Charlie grabbed his arm as leverage, rising from her chair on that mangled leg. “Can we go back to talking about important things now, like when you’re going to make your move on the guy at the juice bar?” she said, hobbling out into the old-Hollywood glamour of the crimson velvet lobby. She had gutted the place, done a head-to-toe HGTV-worthy renovation after buying it on a whim—like a pack of gum at Stop & Shop—following the night of drunken revelry that was the wrap party for Midnight Daydream.

“I know, the protein shakes are garbage but I keep buying them to see him.” She felt relief at the return to normalcy.

“Listen, it’s not in the shakes to hold our destiny, but in ourselves,” she semi-quoted. “And in the meantime, we’ve got a subtitled Romanian horror film to show.” Charlie pushed him toward the entrance.

A guy who looked barely old enough to drink peered inside, hands against the locked glass doors, searching for signs of life. They got a lot of students here, especially on weekends, like last night’s weekly Dawn of the Super Id screening. She had shown it once as a joke long after its doomed theatrical release and it sold out. So Charlie kept it going and it had become her theater’s answer to Rocky Horror. They came at midnight every Friday in masks and capes, some handmade from dorm bedsheets. They yelled the terrible dialogue. They sang the theme song. They always left joyous, free, raucous. And when Charlie needed to feel like she was contributing in some way to society, she could at least appreciate having given them a night like that.

She liked to watch the transformation that swept her young audience over the course of that hour and fifty-three minutes. (In addition to its myriad detriments, the film was, in Charlie’s estimation, a solid twenty-three minutes longer than it had any right to be.) She just wished she hadn’t stayed last night.
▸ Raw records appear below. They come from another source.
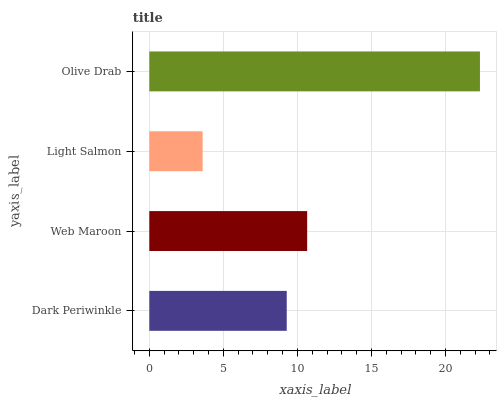Is Light Salmon the minimum?
Answer yes or no. Yes. Is Olive Drab the maximum?
Answer yes or no. Yes. Is Web Maroon the minimum?
Answer yes or no. No. Is Web Maroon the maximum?
Answer yes or no. No. Is Web Maroon greater than Dark Periwinkle?
Answer yes or no. Yes. Is Dark Periwinkle less than Web Maroon?
Answer yes or no. Yes. Is Dark Periwinkle greater than Web Maroon?
Answer yes or no. No. Is Web Maroon less than Dark Periwinkle?
Answer yes or no. No. Is Web Maroon the high median?
Answer yes or no. Yes. Is Dark Periwinkle the low median?
Answer yes or no. Yes. Is Light Salmon the high median?
Answer yes or no. No. Is Olive Drab the low median?
Answer yes or no. No.

She had forgotten that, at some point, the sleeping pill would, presumably, do what it had been advertised to do. And that she could do something like drive into the river.
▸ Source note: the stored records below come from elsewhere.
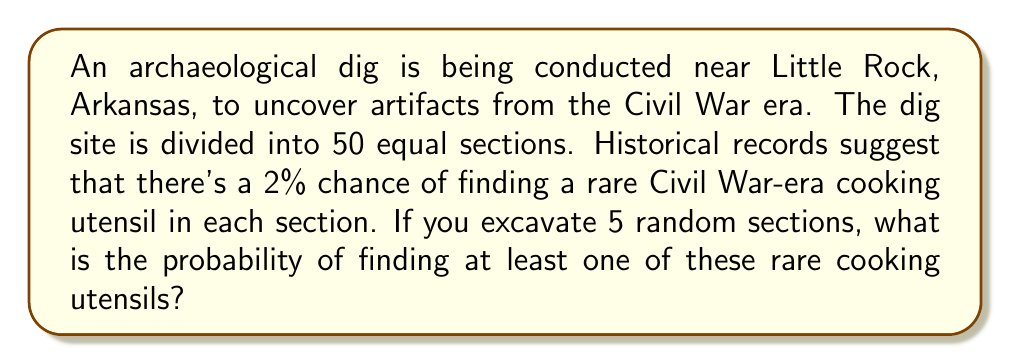Provide a solution to this math problem. Let's approach this step-by-step:

1) First, we need to calculate the probability of not finding the utensil in a single section:
   $P(\text{not finding utensil}) = 1 - P(\text{finding utensil}) = 1 - 0.02 = 0.98$

2) Now, we need to find the probability of not finding the utensil in all 5 sections:
   $P(\text{not finding utensil in 5 sections}) = 0.98^5$

3) We can calculate this:
   $0.98^5 \approx 0.9039$

4) The probability we're looking for is the opposite of this - the probability of finding at least one utensil. We can calculate this by subtracting our result from 1:

   $P(\text{finding at least one utensil}) = 1 - P(\text{not finding utensil in 5 sections})$
   $= 1 - 0.9039 \approx 0.0961$

5) Converting to a percentage:
   $0.0961 \times 100\% \approx 9.61\%$

Therefore, the probability of finding at least one rare Civil War-era cooking utensil when excavating 5 random sections is approximately 9.61%.
Answer: $9.61\%$

“Can’t see this stuff everywhere.” Miles crossed the lobby to unlock the doors.

Back in her office, Charlie’s fingers hovered over her laptop keyboard. Changing her mind, she patted at the floor for the smooth stationery with that neat penmanship. It had been a while since she had received a letter like that: formal, kind, thoughtful. Slouched in her chair, injured leg propped on her desk, she read it again. And again. Always coming back to the closing.

…Without prying, with only reverence and respect, could I ask: Why did you stop doing something you’re so good at? And more important: When will you come back? You are missed.